A Real-World React.js Setup for ASP.NET Core and MVC5

React is a front-end user interface library developed by Facebook, originally to help them improve their own site. Since then it has grown into somewhat of a phenomenon, with many active users. In this article, Jon Smith provides multiple examples of how to use React with recently released ASP.NET Core MVC, and the existing ASP.NET MVC5 framework.

React is a set of JavaScript libraries for building the front-end User Interface (UI) for web and mobile applications. As well as being used by its creator, Facebook, it has also been adopted by Netflix, Airbnb, Yahoo and many more.

Because I’d worked on a Single Page Application (SPA) some years ago that used Backbone, I quickly appreciated that React and its related libraries was aimed at tackling the problem of building and debugging complex views with lots of interactions. (See What is React? for more detail.)

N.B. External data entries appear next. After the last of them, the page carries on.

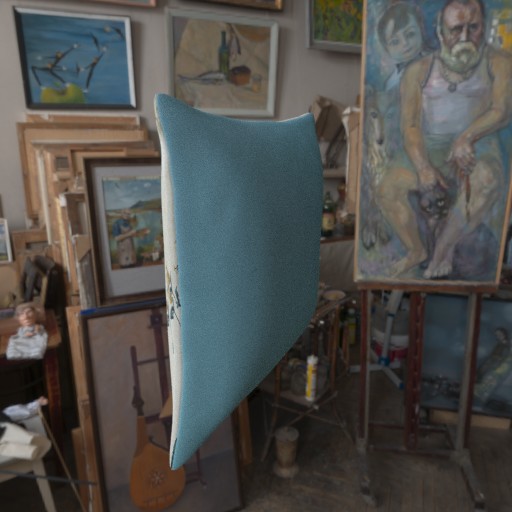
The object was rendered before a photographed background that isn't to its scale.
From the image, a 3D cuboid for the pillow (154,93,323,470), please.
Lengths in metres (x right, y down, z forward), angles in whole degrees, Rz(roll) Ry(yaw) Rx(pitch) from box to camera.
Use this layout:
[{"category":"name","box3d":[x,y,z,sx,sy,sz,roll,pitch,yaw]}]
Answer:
[{"category":"pillow","box3d":[0.000,0.000,0.788,0.166,0.507,0.526,7,17,25]}]
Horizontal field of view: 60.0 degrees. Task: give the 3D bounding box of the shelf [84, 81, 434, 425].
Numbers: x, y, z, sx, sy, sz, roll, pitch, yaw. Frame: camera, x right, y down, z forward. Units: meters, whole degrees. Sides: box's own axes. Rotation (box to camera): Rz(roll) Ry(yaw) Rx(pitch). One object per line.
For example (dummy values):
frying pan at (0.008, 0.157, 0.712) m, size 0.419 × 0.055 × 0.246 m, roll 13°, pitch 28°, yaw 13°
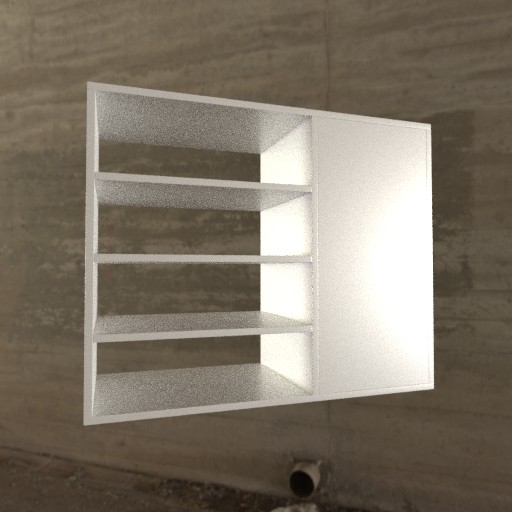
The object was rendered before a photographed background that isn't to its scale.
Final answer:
shelf at (0.000, 0.000, 1.270) m, size 0.895 × 0.732 × 0.396 m, roll 1°, pitch -2°, yaw -18°
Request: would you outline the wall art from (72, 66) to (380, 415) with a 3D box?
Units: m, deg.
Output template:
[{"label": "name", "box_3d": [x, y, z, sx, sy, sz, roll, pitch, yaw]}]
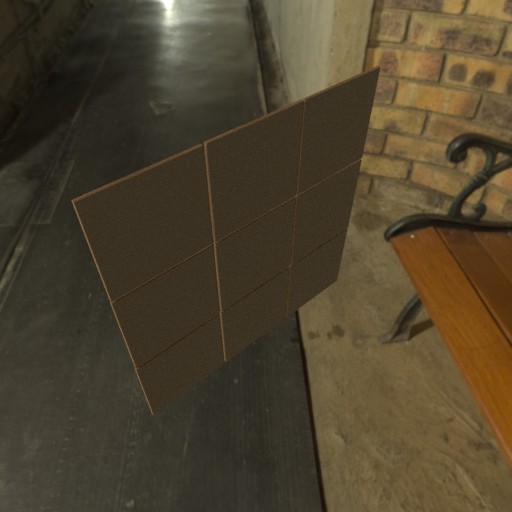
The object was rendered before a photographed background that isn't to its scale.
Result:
[{"label": "wall art", "box_3d": [0.000, 0.000, 1.372, 0.919, 0.917, 0.010, -32, 54, -27]}]
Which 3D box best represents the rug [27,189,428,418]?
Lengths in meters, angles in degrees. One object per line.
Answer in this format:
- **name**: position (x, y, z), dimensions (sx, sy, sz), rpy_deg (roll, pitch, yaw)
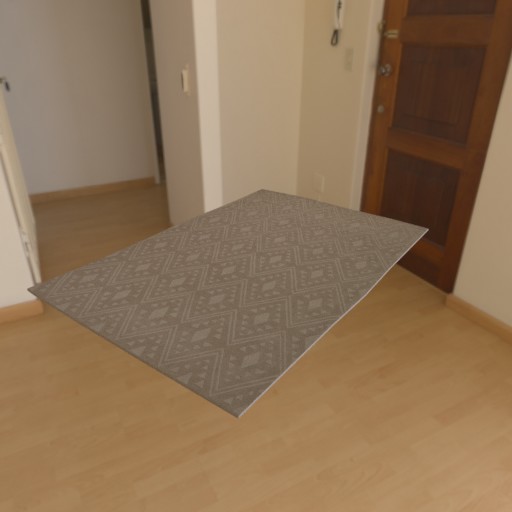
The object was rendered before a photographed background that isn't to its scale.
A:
- **rug**: position (0.000, 0.000, 2.347), dimensions (1.252, 0.034, 1.829), rpy_deg (19, 33, 32)
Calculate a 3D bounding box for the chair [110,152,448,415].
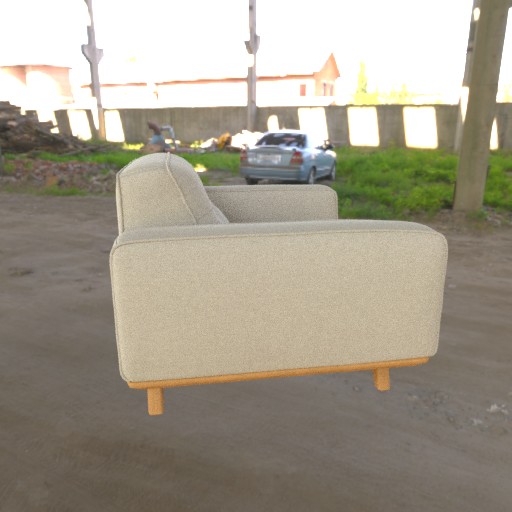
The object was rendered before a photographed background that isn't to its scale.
[{"bbox_3d":[0.000,0.000,1.738,0.953,0.779,1.115,-3,16,-10],"label":"chair"}]
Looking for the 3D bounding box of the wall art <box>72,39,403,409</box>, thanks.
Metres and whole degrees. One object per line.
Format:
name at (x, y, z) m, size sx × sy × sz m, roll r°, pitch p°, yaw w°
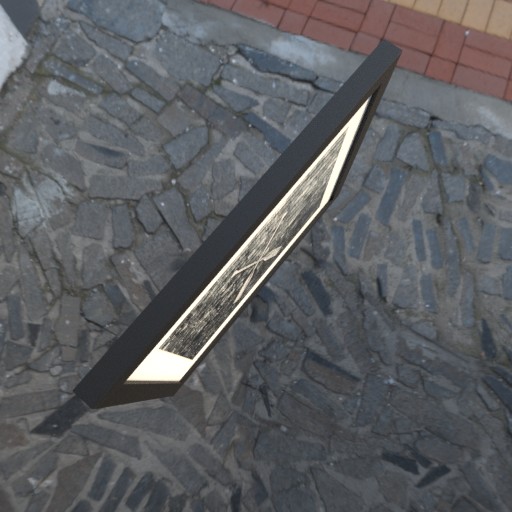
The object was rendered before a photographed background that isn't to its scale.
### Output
wall art at (0.000, 0.000, 0.727) m, size 0.029 × 0.457 × 0.558 m, roll 38°, pitch 78°, yaw 10°
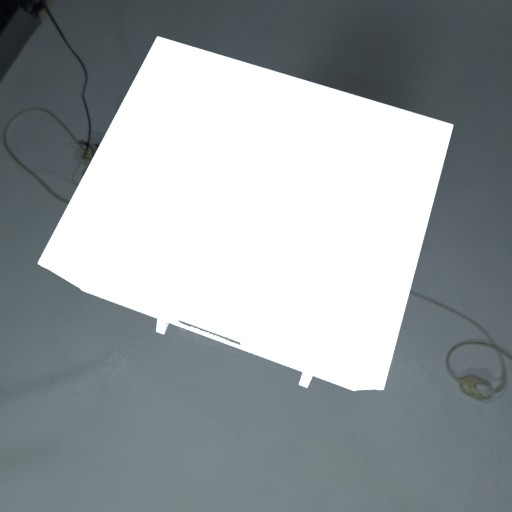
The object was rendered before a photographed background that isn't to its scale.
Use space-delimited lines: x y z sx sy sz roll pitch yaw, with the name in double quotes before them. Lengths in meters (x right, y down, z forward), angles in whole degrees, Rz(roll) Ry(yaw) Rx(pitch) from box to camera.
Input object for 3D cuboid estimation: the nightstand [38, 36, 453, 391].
"nightstand" 0.000 0.000 0.922 0.479 0.623 0.402 19 74 6
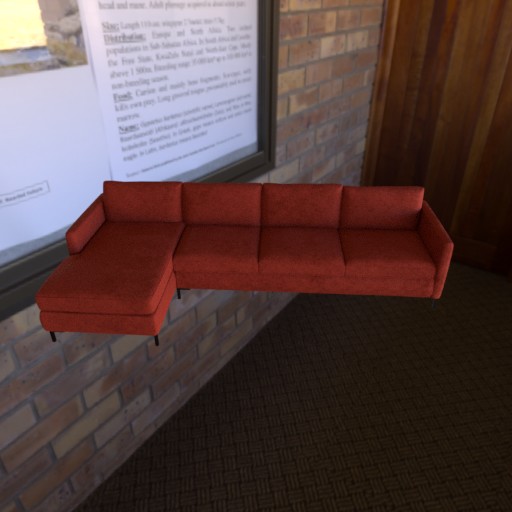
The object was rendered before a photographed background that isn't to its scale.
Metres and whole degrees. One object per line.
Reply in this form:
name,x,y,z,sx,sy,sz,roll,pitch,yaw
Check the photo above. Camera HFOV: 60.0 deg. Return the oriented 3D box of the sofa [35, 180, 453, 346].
sofa,0.000,0.000,2.909,2.467,0.663,1.136,2,31,3
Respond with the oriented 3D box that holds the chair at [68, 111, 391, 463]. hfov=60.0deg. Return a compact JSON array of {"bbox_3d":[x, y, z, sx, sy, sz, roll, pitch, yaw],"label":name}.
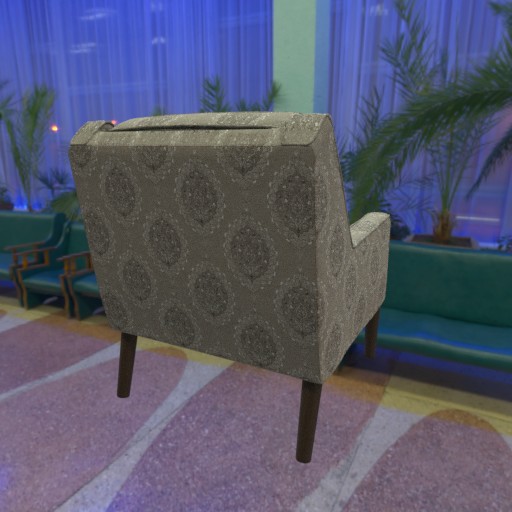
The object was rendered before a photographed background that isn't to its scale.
[{"bbox_3d":[0.000,0.000,1.333,0.665,0.797,0.750,8,16,27],"label":"chair"}]
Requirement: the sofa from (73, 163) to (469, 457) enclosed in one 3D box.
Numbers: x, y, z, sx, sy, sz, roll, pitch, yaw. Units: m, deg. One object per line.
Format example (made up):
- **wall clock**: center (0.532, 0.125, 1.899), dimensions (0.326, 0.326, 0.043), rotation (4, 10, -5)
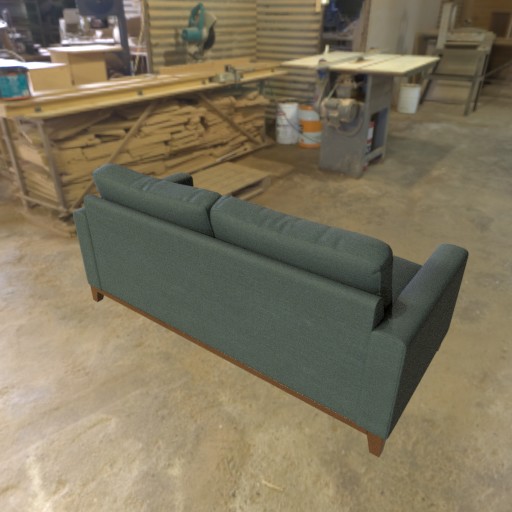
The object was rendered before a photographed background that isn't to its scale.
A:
- **sofa**: center (0.000, 0.000, 2.357), dimensions (1.900, 0.865, 0.877), rotation (20, 35, 31)
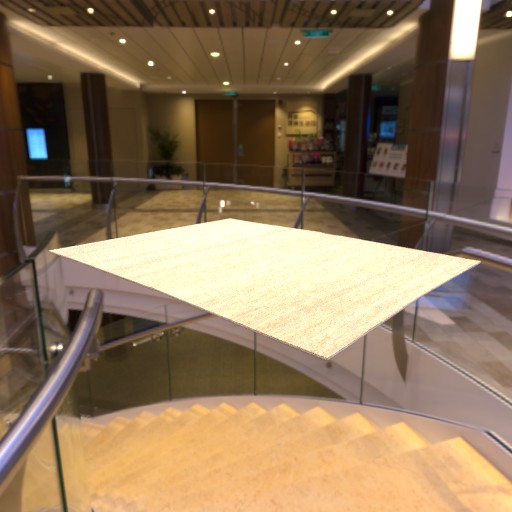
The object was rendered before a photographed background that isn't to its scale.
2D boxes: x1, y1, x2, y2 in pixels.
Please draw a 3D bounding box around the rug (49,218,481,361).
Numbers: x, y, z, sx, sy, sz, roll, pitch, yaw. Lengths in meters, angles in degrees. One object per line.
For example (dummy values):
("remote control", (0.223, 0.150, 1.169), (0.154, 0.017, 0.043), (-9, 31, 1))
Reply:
("rug", (0.000, 0.000, 4.140), (3.245, 0.046, 2.467), (13, 20, 41))
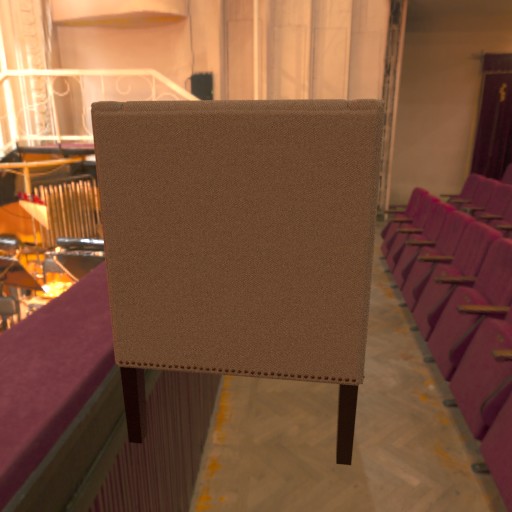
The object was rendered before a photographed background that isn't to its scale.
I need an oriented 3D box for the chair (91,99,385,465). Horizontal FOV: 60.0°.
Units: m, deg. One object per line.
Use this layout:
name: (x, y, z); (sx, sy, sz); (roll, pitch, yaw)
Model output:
chair: (0.000, 0.000, 1.366); (0.628, 0.872, 0.748); (2, 16, 8)

Existing front-end frameworks such as Backbone, Angular or Ember normally contain all the important components that are required to build a full SPA, such as models, views, controller and routing. React is different: React on its own only handles the rendering of views; showing data on the screen. To build a complete system with React, you need to gather other libraries in the React ecosystem. This React Ecosystem, referred to in this article as React+, includes related libraries that create a compatible system with all the necessary components for a working site, by performing the role of controller, routing and so on.

Why is React useful in ASP.NET?

The up side of React+‘s small library approach is that React+ is a very flexible system. This means you could just use React to drop in a single UI component on a MVC razor page, or go the whole hog and build an SPA by using the extra libraries available in the React+ world.

This flexibility allows the developer to pick the right UI approach for each specific user interface problem. Simple pages can use just normal Razor while more complex/intensive pages could use React, or Razor and React together.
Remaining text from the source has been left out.